Calculated values of FBR are presented in Table 5. The FBR was calculated using the traditional (Eq. 1) and the modified approaches (Eq. 2) using both phenylalanine and threonine tracers. When the FBR was calculated by the modified approach, the difference between the values derived from the phenylalanine and threonine tracers was ∼11%. The correlation analysis demonstrated that there was a statistically significant relationship between the FBR measurements calculated by the modified model using the two tracers (r2 = 0.707, P < 0.05). When FBR was calculated using the threonine tracer, the difference between the two models was ∼4% (r2 = 0.987, p < 0.05).
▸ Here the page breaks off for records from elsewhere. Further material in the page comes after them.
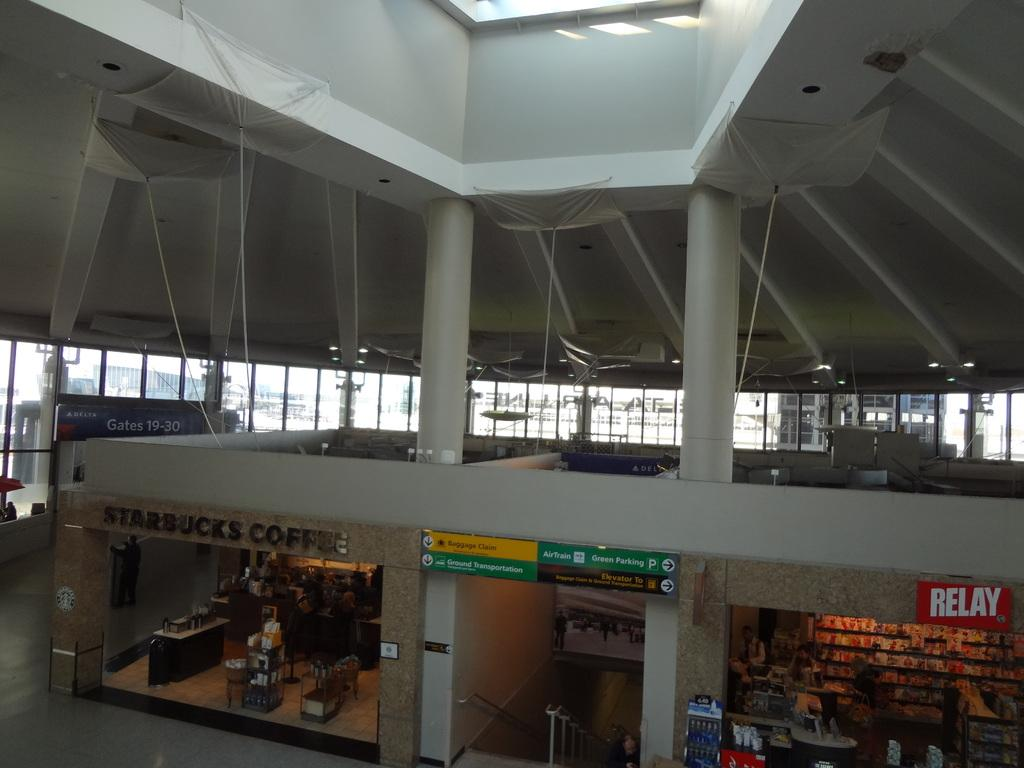What type of establishment is depicted in the image? There is a group of stores in the image. How are the stores arranged in the image? The stores are placed on the floor. What other objects can be seen in the image? There is a group of sign boards in the image. Where are the sign boards located in the image? The sign boards are placed on the wall. What can be seen in the background of the image? There are windows visible in the background of the image. What type of doctor is present in the image? There is no doctor present in the image; it features a group of stores and sign boards. What can be seen in the aftermath of the event in the image? There is no event or aftermath mentioned in the image; it shows a group of stores and sign boards. 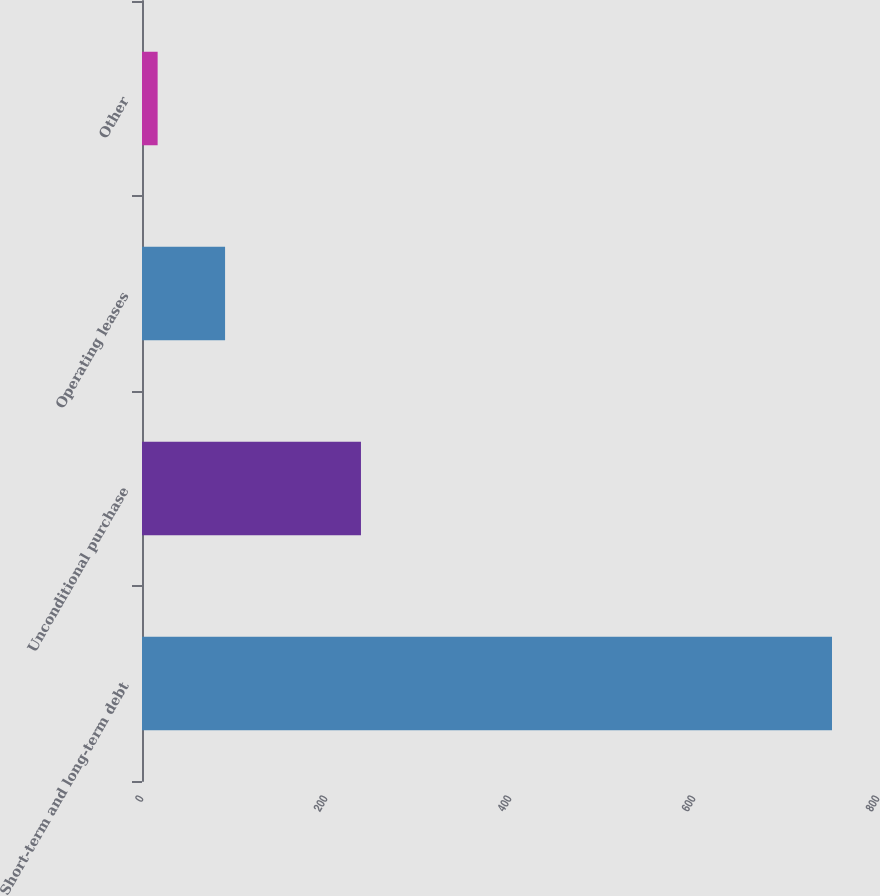Convert chart to OTSL. <chart><loc_0><loc_0><loc_500><loc_500><bar_chart><fcel>Short-term and long-term debt<fcel>Unconditional purchase<fcel>Operating leases<fcel>Other<nl><fcel>750<fcel>238<fcel>90.3<fcel>17<nl></chart> 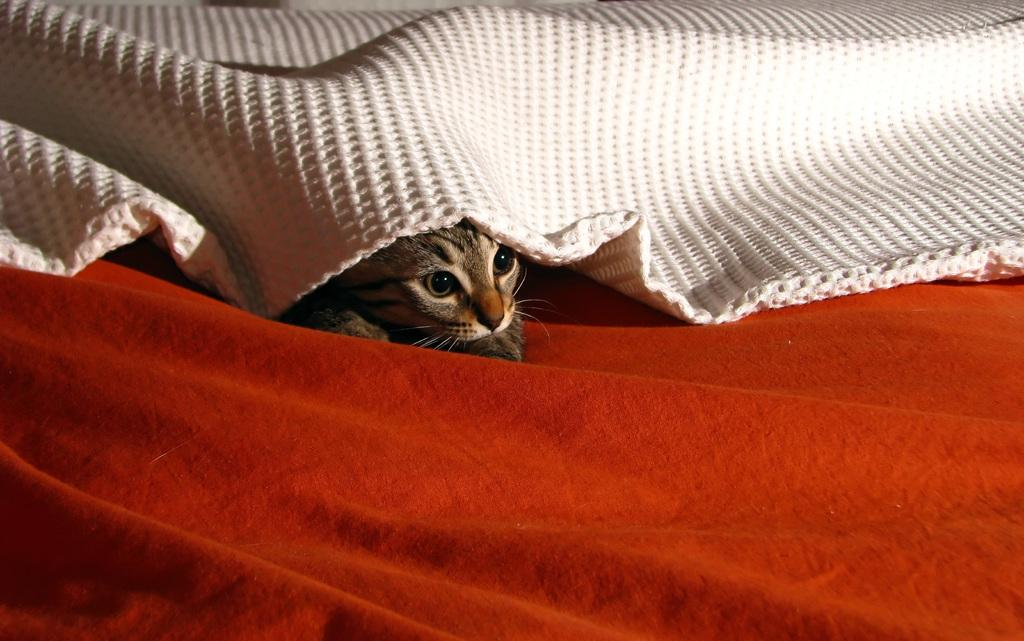What type of animal is in the image? There is a cat in the image. What is the cat sitting on? The cat is on a red cloth. What other textile item is present in the image? There is a white blanket in the image. What colors can be seen on the cat? The cat has brown and black colors. What type of art is the cat creating on the white blanket? There is no indication in the image that the cat is creating any art on the white blanket. 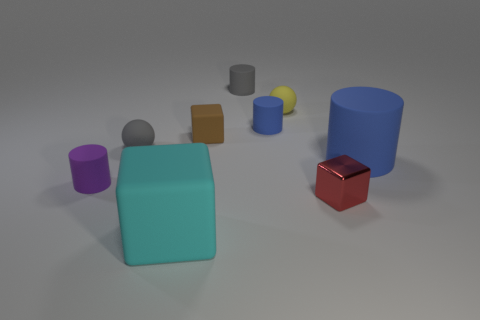Subtract all brown cylinders. Subtract all gray balls. How many cylinders are left? 4 Subtract all blocks. How many objects are left? 6 Add 5 small rubber cylinders. How many small rubber cylinders exist? 8 Subtract 0 green cylinders. How many objects are left? 9 Subtract all tiny yellow matte cubes. Subtract all tiny red metal cubes. How many objects are left? 8 Add 7 blocks. How many blocks are left? 10 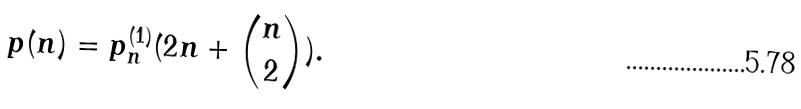Convert formula to latex. <formula><loc_0><loc_0><loc_500><loc_500>p ( n ) = p _ { n } ^ { ( 1 ) } ( 2 n + { n \choose 2 } ) .</formula> 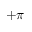<formula> <loc_0><loc_0><loc_500><loc_500>+ \pi</formula>

However, when the phenylalanine tracer was used (when there was a non-steady state of phenylalanine due to injection of unlabeled phenylalanine), the traditional approach gave a value that was 59% lower than the one calculated using the modified approach (r2 = 0.05, P > 0.05). This value was also ∼61% lower than the one calculated by the traditional model using the threonine tracer (r2 = 0.08, P > 0.05; Table 5).
The values of muscle protein FSR, calculated using the traditional direct incorporation approach (Eq. 3) for both phenylalanine and threonine tracers, are presented in Table 5. The FSR was calculated from data obtained from samples collected 5 and 60 min after the tracer injection, and the data on the intramuscular free and protein-bound enrichment of phenylalanine and threonine are presented in Table 6. The enrichment data are expressed in MPE. There was a 2% difference between the averages of FSR values calculated using phenylalanine and threonine tracers.
Using FBR and FSR values, we calculated the leg muscle protein NB using Eq. 4, and the data are presented in Table 5. The average NB calculated by the traditional approach using phenylalanine tracer kinetics was 63% higher (P > 0.05) than the average NB calculated using the modified approach (Table 5). It was also higher by 78 (P > 0.05) and 76% (P > 0.05) compared with the values calculated using threonine tracer by traditional and modified approaches, respectively (Table 5). The difference between the values of NB calculated by the modified approach using phenylalanine and threonine tracers was ∼4% (P > 0.05).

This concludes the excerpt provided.